Пекарня сохранила ей силы, обеспечила важными знакомствами и связями, открыла перед ней нужные ворота. На фоне общей беды и постепенного опустения дома, она добилась официального разрешения переселения из своей темной комнаты в просторную и светлую квартиру Раулинатов на четвертом этаже по парадной лестнице. Переезд осуществился в начале марта. А сейчас Тоська обставляется — скупает за продукты приглянувшуюся ей мебель у оставшихся в живых. Действует она широко и напористо, не боясь огласки или осуждения.
В сопровождении мамы и Мирры она неторопливо прогуливается по комнатам, ведет дружеский соседский разговор, интересуется моим здоровьем, шутит. Потом за ней захлопывается дверь, и до меня доносятся отголоски разговора.
— Нет, — говорит мама, — об этом не может быть и речи… Пианино за полтора кило? Это же грабеж!
— Мамочка! Но это же греча! Ты понимаешь — греча! Надо же поднимать их… Они оба еле ходят.
— Я понимаю. Ты же знаешь — я готова всю душу отдать… Но это пианино не просто пианино. Это же папа покупал для меня, это же память об отце.
— Мамочка! О чем ты говоришь? При чем тут память, когда надо спасать живых. И потом, ты говоришь, полтора кило. А белая буханка?
— Так это был аванс?
— А ты как думала? Сейчас такое время, когда так просто дарят белую буханку?
Через два дня четверо мужиков, подхватив наше пианино длинными поясами, вытаскивают его на площадку и уносят наверх, к Тоське. Сделка состоялась, и, по общему мнению, она очень удачна: два кило гречи плюс буханка плюс, плюс сто рублей деньгами! Тоська — все-таки широкая натура! Впервые за год мы едим настоящую разварную ароматную кашу, смакуя каждое зернышко, а у нас еще много-много крупы — еще каш на пять хватит!
Май
1 мая мне исполняется шестнадцать лет, и через несколько дней я могу получить паспорт.
3 мая снова открывается школа. С первого же дня я спешу туда. Черный репродуктор сообщил, что школьникам будут выдавать ДШП — дополнительное школьное питание без карточек. Я иду налегке, без портфеля, без учебников, без тетрадок. Главное — встать на ДШП, а про занятия все в первый день расскажут. И вообще открытие школ носит чисто символический характер, хотя это и красиво звучит: Ленинград живет, Ленинград борется, Ленинград учится.

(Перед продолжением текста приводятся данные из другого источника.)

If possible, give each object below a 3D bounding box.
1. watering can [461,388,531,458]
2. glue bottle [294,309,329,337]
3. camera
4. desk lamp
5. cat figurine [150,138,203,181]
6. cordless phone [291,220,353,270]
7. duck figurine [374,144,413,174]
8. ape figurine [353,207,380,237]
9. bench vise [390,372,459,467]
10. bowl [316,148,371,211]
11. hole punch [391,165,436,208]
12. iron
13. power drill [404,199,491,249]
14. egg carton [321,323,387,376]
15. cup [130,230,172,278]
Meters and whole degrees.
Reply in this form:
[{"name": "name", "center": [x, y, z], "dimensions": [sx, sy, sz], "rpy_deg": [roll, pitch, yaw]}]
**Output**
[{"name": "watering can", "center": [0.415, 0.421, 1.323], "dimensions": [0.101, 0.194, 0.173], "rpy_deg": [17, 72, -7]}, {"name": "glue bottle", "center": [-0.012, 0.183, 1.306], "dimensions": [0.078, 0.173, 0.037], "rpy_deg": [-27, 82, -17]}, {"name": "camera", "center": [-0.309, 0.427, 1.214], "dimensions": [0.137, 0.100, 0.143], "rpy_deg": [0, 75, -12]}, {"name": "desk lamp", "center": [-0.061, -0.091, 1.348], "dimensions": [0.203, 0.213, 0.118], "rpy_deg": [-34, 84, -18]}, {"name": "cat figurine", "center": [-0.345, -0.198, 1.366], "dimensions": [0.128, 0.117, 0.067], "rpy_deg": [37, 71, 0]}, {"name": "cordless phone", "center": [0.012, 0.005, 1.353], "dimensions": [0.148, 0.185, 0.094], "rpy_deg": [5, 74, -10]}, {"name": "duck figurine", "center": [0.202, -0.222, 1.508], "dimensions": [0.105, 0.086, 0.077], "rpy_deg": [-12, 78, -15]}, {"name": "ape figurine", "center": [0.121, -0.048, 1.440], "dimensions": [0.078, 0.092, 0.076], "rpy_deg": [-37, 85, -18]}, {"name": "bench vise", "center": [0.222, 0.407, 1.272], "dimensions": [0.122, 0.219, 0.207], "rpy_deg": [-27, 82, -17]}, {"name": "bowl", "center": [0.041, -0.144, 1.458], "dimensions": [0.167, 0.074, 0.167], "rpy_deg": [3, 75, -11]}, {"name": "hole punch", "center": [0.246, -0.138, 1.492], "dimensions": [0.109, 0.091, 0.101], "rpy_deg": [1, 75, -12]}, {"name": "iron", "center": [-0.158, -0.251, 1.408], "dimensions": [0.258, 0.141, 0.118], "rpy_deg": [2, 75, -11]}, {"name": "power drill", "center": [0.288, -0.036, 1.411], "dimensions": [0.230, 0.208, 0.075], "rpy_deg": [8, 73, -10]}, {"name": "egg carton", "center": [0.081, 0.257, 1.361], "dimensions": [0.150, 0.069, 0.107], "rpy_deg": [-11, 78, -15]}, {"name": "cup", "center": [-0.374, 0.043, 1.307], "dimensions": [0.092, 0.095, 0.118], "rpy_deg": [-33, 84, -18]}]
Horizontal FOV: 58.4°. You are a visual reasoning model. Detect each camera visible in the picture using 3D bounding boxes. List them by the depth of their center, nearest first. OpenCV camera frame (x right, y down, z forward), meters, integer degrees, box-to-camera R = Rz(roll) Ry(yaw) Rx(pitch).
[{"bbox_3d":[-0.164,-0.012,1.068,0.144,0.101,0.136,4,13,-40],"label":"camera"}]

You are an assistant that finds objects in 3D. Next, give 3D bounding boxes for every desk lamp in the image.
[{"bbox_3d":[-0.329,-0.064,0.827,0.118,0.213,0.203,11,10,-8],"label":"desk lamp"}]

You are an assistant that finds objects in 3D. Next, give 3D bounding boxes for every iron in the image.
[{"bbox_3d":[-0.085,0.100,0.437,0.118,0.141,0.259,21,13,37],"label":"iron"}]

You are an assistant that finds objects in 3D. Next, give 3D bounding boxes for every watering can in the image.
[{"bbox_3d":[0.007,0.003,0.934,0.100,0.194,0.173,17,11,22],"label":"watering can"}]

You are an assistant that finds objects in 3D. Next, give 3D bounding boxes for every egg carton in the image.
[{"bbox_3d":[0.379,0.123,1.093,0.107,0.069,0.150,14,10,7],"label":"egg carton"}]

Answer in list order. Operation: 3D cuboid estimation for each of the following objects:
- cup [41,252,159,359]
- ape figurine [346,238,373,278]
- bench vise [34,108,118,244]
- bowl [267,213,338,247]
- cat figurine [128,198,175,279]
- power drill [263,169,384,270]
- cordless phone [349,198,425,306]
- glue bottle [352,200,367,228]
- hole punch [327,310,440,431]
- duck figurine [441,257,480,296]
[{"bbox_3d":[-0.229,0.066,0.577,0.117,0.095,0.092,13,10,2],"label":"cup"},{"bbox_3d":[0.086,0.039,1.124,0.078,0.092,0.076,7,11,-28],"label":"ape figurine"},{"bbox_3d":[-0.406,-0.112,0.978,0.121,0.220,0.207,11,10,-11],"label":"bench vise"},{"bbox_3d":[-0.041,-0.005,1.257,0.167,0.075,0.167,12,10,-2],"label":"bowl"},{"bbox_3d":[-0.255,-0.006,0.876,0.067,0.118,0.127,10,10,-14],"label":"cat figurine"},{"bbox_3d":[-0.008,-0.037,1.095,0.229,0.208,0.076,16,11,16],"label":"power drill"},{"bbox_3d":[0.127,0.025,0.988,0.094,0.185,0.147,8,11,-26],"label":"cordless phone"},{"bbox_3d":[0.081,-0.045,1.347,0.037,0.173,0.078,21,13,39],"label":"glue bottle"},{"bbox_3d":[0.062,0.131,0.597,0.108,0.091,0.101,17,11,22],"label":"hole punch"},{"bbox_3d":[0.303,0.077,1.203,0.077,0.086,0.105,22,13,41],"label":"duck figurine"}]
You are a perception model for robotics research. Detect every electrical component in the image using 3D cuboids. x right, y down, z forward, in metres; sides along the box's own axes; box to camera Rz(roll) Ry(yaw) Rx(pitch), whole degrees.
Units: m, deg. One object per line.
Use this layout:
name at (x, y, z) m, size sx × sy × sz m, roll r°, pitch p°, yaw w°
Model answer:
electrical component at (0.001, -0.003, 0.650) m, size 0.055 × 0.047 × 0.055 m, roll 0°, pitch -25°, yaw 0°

Как неузнаваемо изменилась школа! Нет ни обычного шума, ни гомона первых дней. Нет несущихся, дерущихся, орущих, снующих повсюду малышей. Нет празднично одетых к первому дню преподавателей. Нет переклички, развода по светлым, чистым, пахнущим свежей масляной краской, умытым классам. Нет волнений первых встреч с шумными и озорными друзьями. Где-то в холодных и грязных залах, неприветливых классах с частично забитыми фанерой окнами, с рваными картами и учебными пособиями, висящими на одном гвозде, жмутся к стенкам серые тени. Некоторые сидят за партами, неподвижно устремив глаза к дверям, некоторые, вроде меня, медленно ходят взад и вперед. Все мы какие-то неловкие, неуклюжие, неразговорчивые. Говорить не хочется, да и не о чем. Все мы ждем. В обтянувшихся лицах, заострившихся носах, в провалившихся глазах тоска и ожидание — когда же поведут в столовую?